- _YOUR GOAL_
All that is wanted is the line with "Answer: Register with" and each line after it to the end of the data below, set down exactly and without pictures.

#### INPUT RECORDS

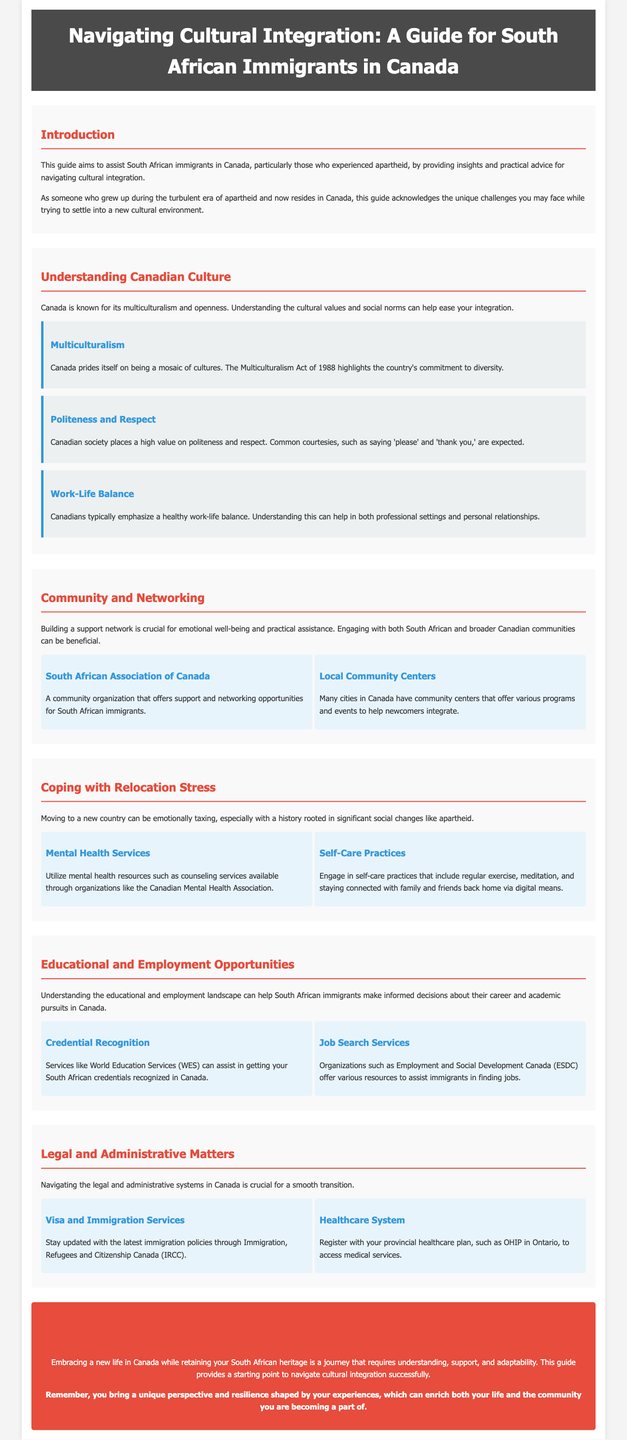What is the main purpose of this guide? The guide aims to assist South African immigrants in Canada by providing insights and practical advice for navigating cultural integration.
Answer: Assist South African immigrants What year was the Multiculturalism Act established? The document mentions the Multiculturalism Act of 1988, highlighting Canada’s commitment to diversity.
Answer: 1988 What organization offers support for South African immigrants? The guide refers to the South African Association of Canada as a community organization that offers support.
Answer: South African Association of Canada Which service helps recognize South African educational credentials in Canada? The document mentions World Education Services (WES) as a service that assists in getting South African credentials recognized.
Answer: World Education Services (WES) What is one of the self-care practices suggested? The guide suggests regular exercise as one of the self-care practices to engage in.
Answer: Regular exercise How can newcomers access healthcare services in Canada? Newcomers are advised to register with their provincial healthcare plan to access medical services.
Answer: Register with provincial healthcare plan What aspect of Canadian society is emphasized in the document? The emphasis is on politeness and respect as high values in Canadian society.
Answer: Politeness and respect What are newcomers encouraged to do to cope with relocation stress? The guide encourages utilizing mental health resources such as counseling services to cope with stress.
Answer: Utilize mental health resources What does the conclusion suggest for South African immigrants in Canada? The conclusion suggests that embracing a new life while retaining South African heritage is crucial for successful integration.
Answer: Embrace new life while retaining heritage 
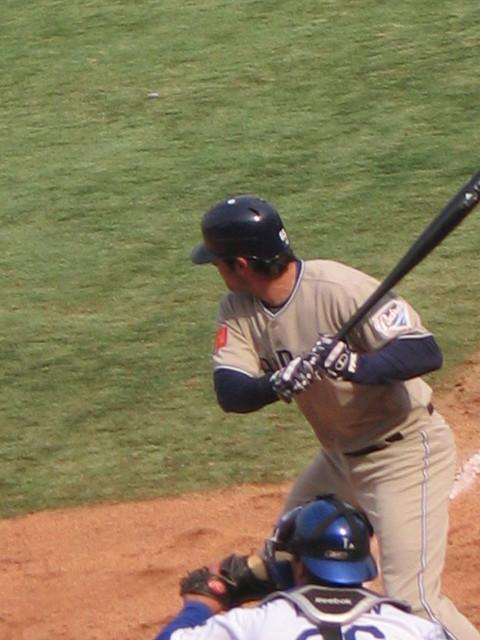Which hand is dominant in the batter shown?

Choices:
A) right
B) left
C) neither
D) ambidextrous left 
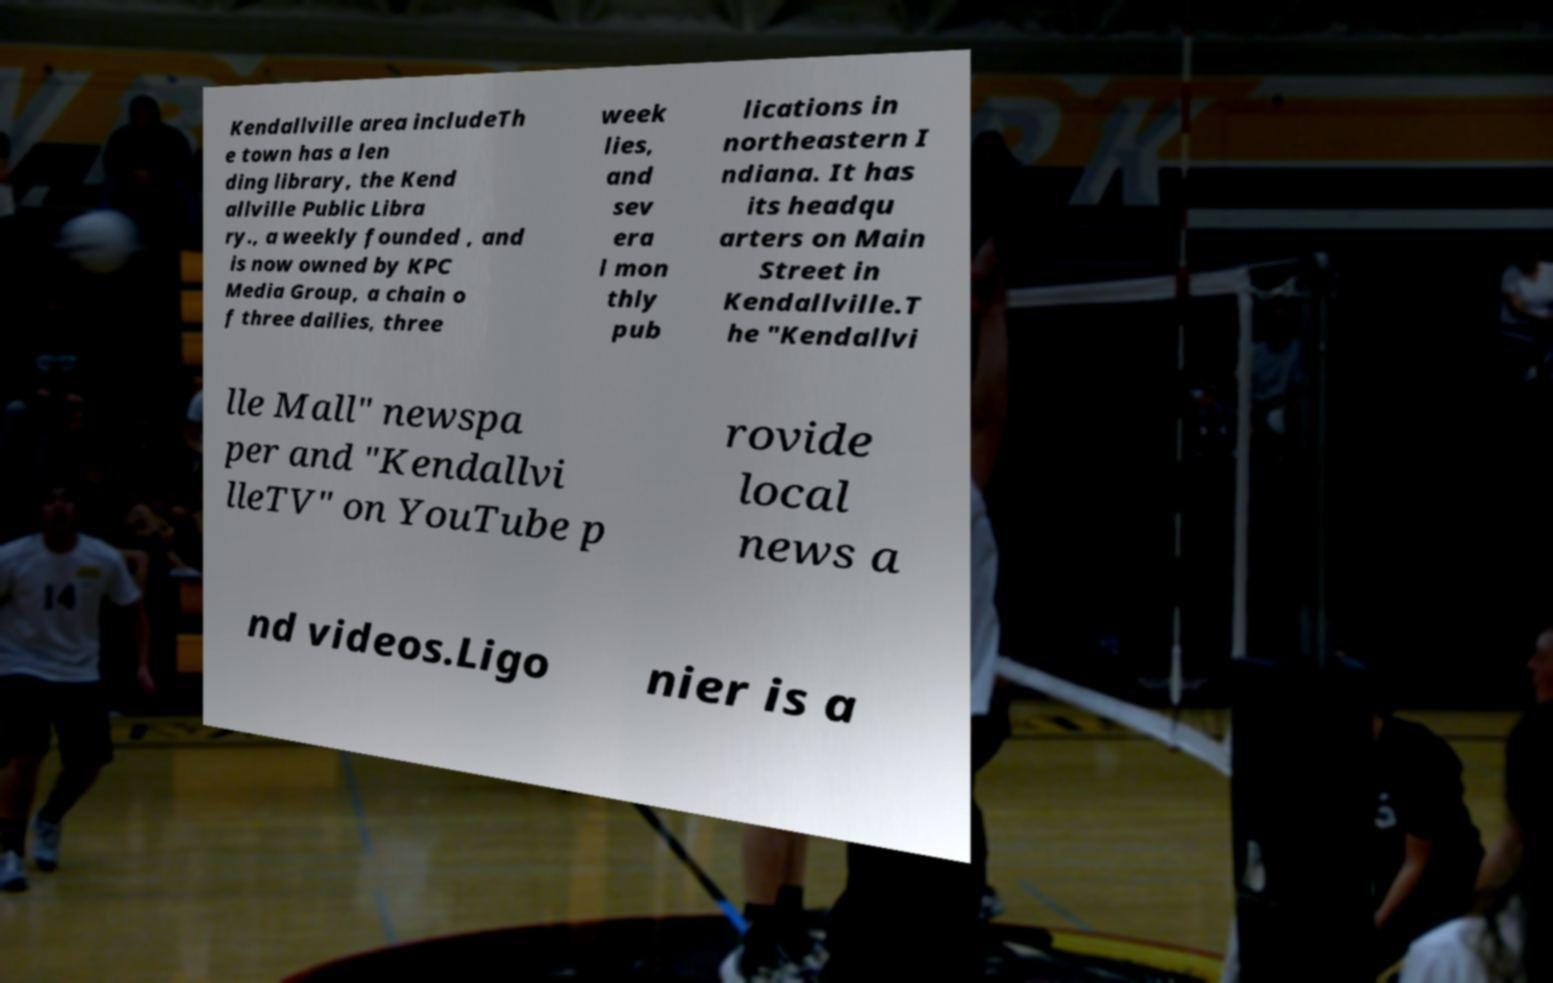Could you assist in decoding the text presented in this image and type it out clearly? Kendallville area includeTh e town has a len ding library, the Kend allville Public Libra ry., a weekly founded , and is now owned by KPC Media Group, a chain o f three dailies, three week lies, and sev era l mon thly pub lications in northeastern I ndiana. It has its headqu arters on Main Street in Kendallville.T he "Kendallvi lle Mall" newspa per and "Kendallvi lleTV" on YouTube p rovide local news a nd videos.Ligo nier is a

########

- _RESULT_
Answer: Register with provincial healthcare plan What aspect of Canadian society is emphasized in the document? The emphasis is on politeness and respect as high values in Canadian society.
Answer: Politeness and respect What are newcomers encouraged to do to cope with relocation stress? The guide encourages utilizing mental health resources such as counseling services to cope with stress.
Answer: Utilize mental health resources What does the conclusion suggest for South African immigrants in Canada? The conclusion suggests that embracing a new life while retaining South African heritage is crucial for successful integration.
Answer: Embrace new life while retaining heritage 
Which hand is dominant in the batter shown?

Choices:
A) right
B) left
C) neither
D) ambidextrous left 
Could you assist in decoding the text presented in this image and type it out clearly? Kendallville area includeTh e town has a len ding library, the Kend allville Public Libra ry., a weekly founded , and is now owned by KPC Media Group, a chain o f three dailies, three week lies, and sev era l mon thly pub lications in northeastern I ndiana. It has its headqu arters on Main Street in Kendallville.T he "Kendallvi lle Mall" newspa per and "Kendallvi lleTV" on YouTube p rovide local news a nd videos.Ligo nier is a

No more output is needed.